• What to produce:
In full and exactly, reproduce the entries below, but omit the pictures.

• Supplied material:
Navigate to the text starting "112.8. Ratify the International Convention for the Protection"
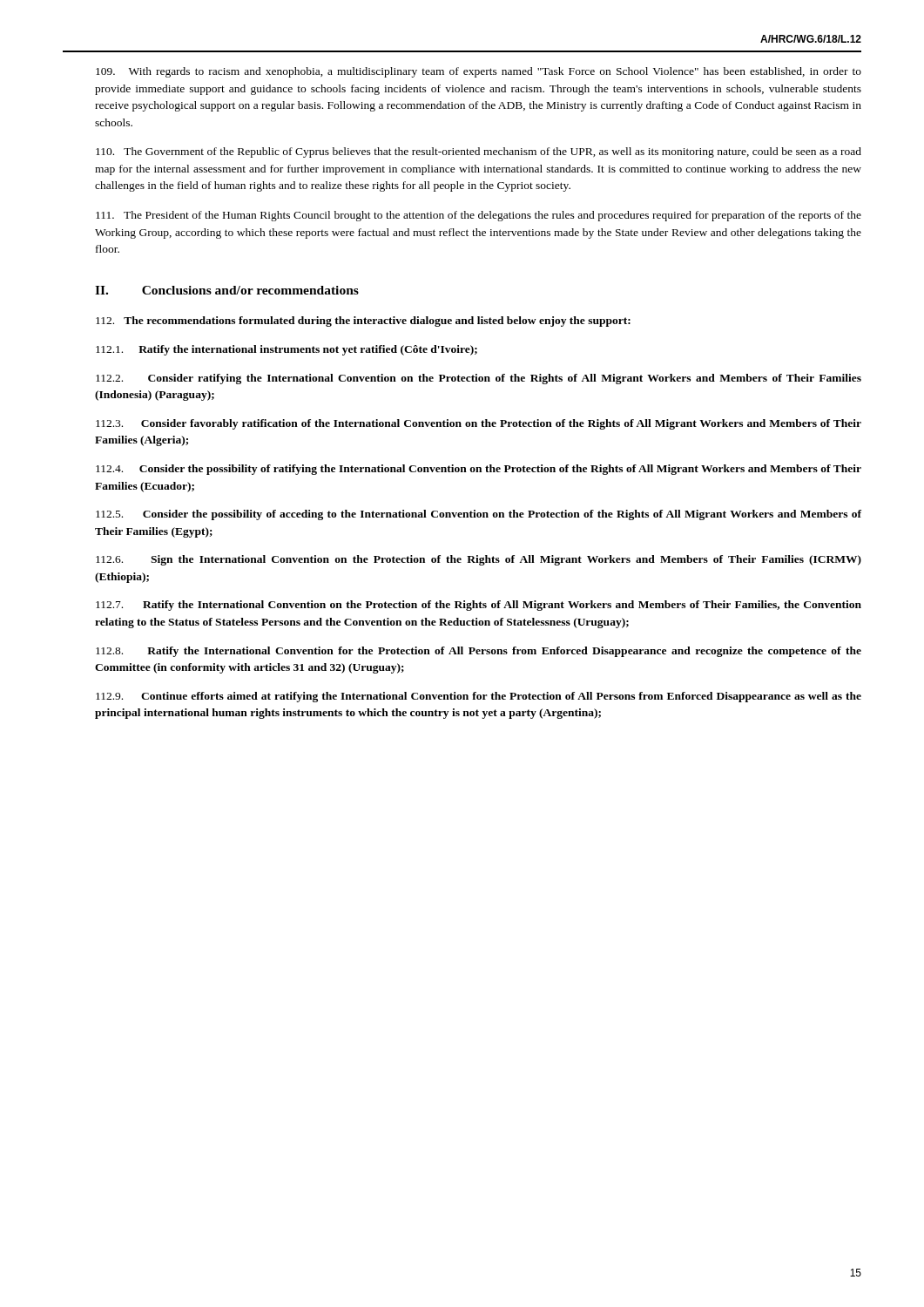924x1307 pixels. tap(478, 659)
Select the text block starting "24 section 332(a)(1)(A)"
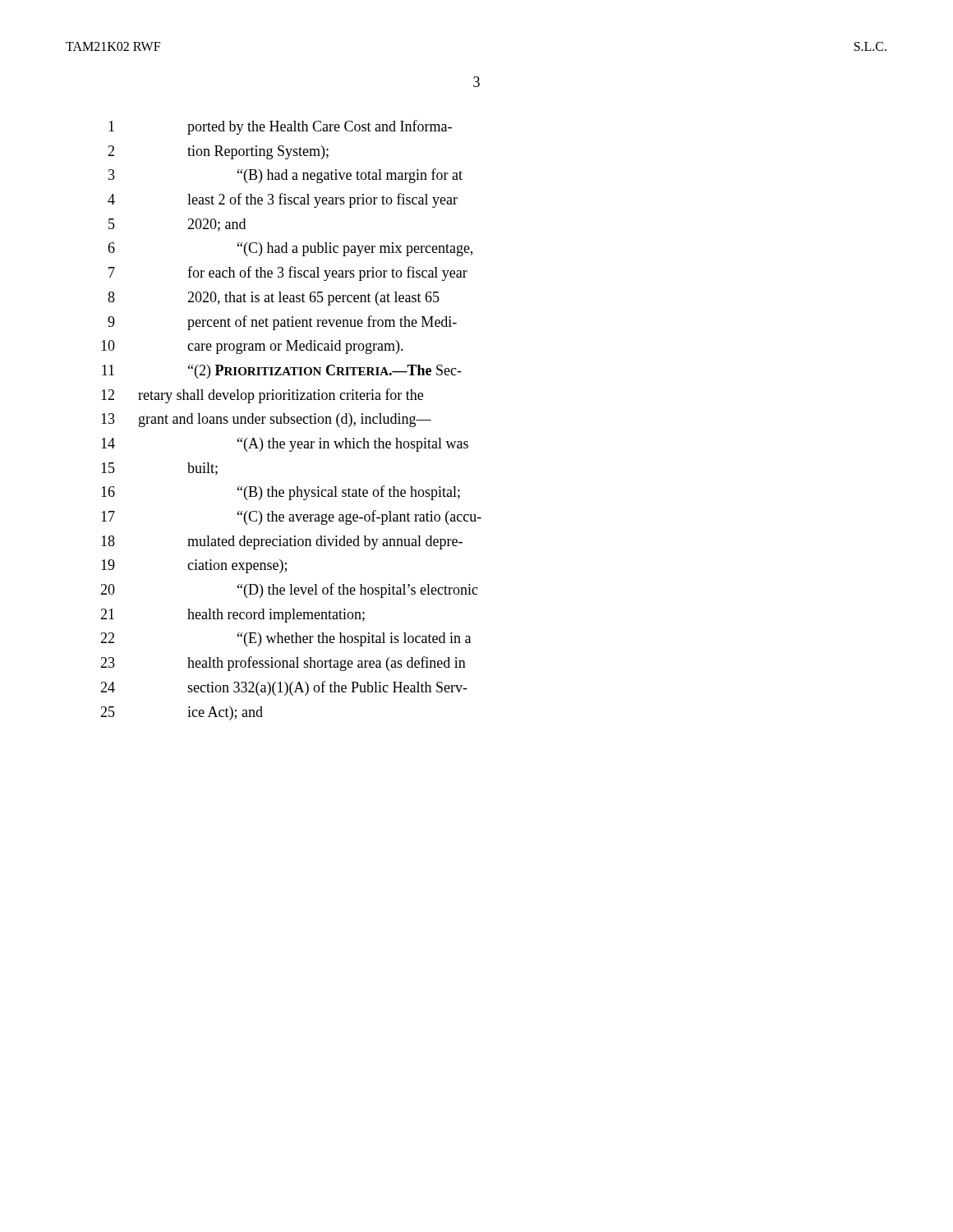Viewport: 953px width, 1232px height. pos(476,688)
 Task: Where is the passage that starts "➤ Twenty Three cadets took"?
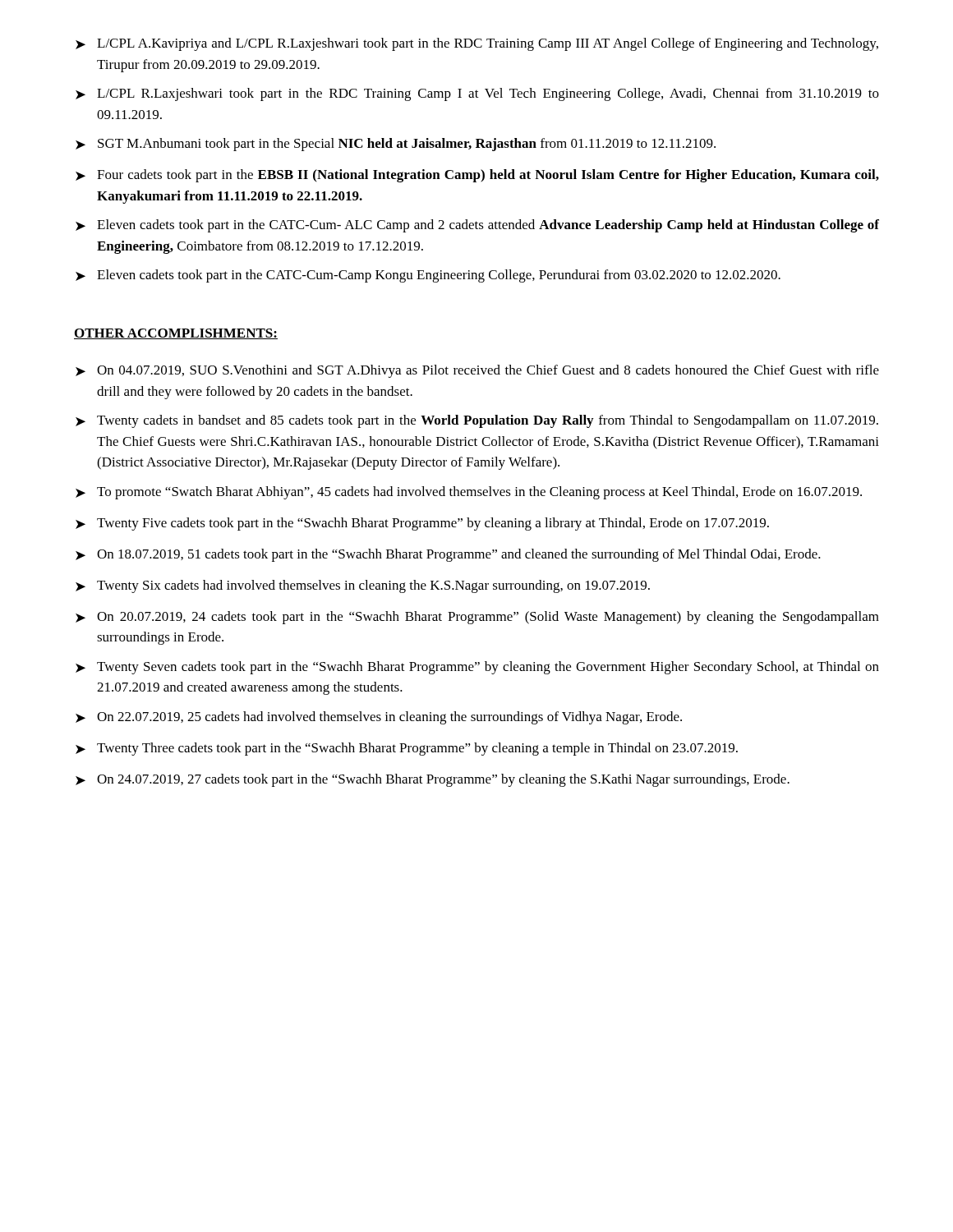tap(476, 749)
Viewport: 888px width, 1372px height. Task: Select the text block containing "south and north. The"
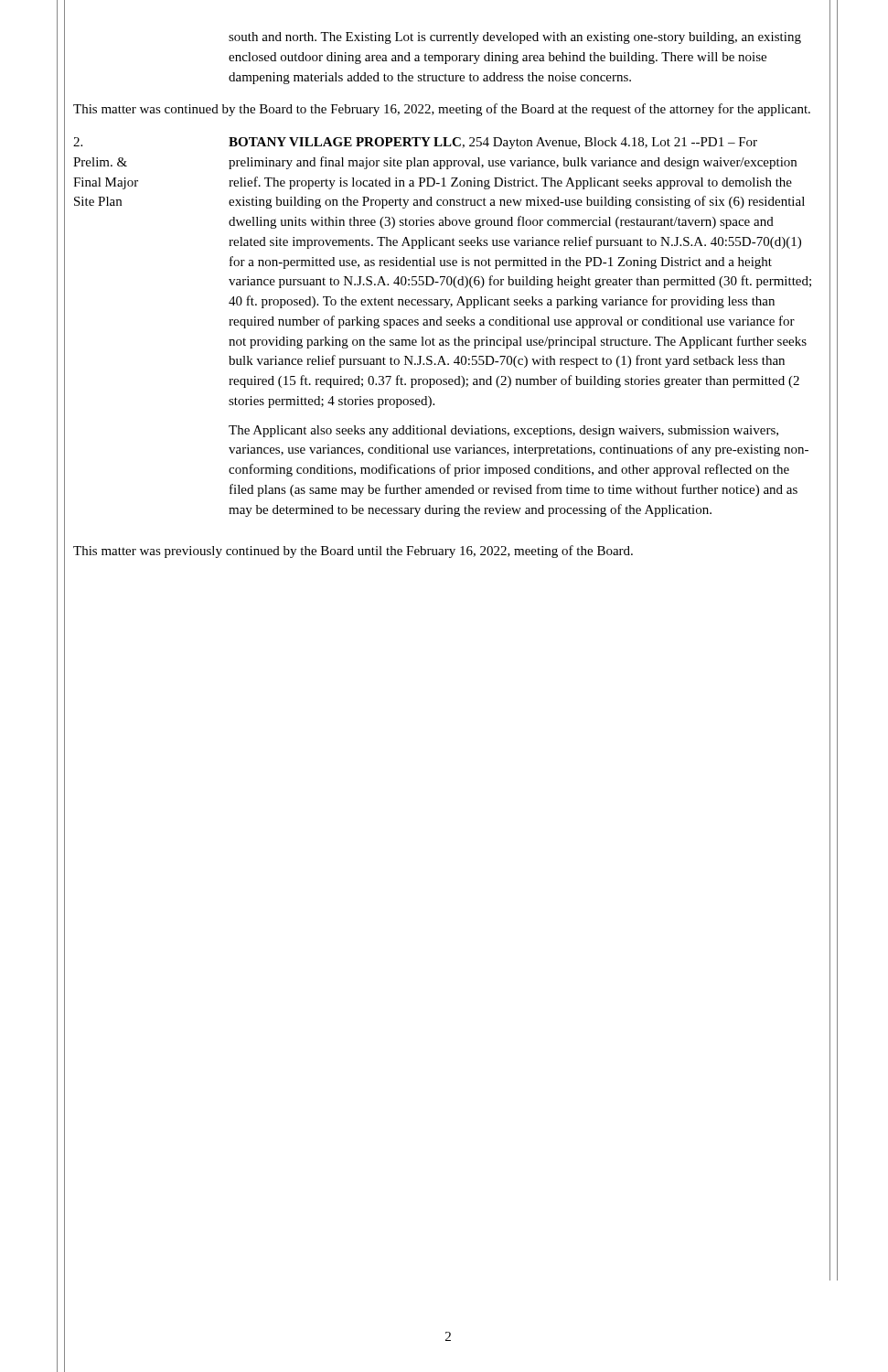coord(515,56)

• Solution:
Navigate to the text starting "112.8. Ratify the International Convention for the Protection"
924x1307 pixels. tap(478, 659)
Select the text block starting "24 section 332(a)(1)(A)"
Viewport: 953px width, 1232px height. pos(476,688)
 Task: Where is the passage that starts "➤ Twenty Three cadets took"?
tap(476, 749)
Viewport: 888px width, 1372px height. Task: Select the text block containing "south and north. The"
coord(515,56)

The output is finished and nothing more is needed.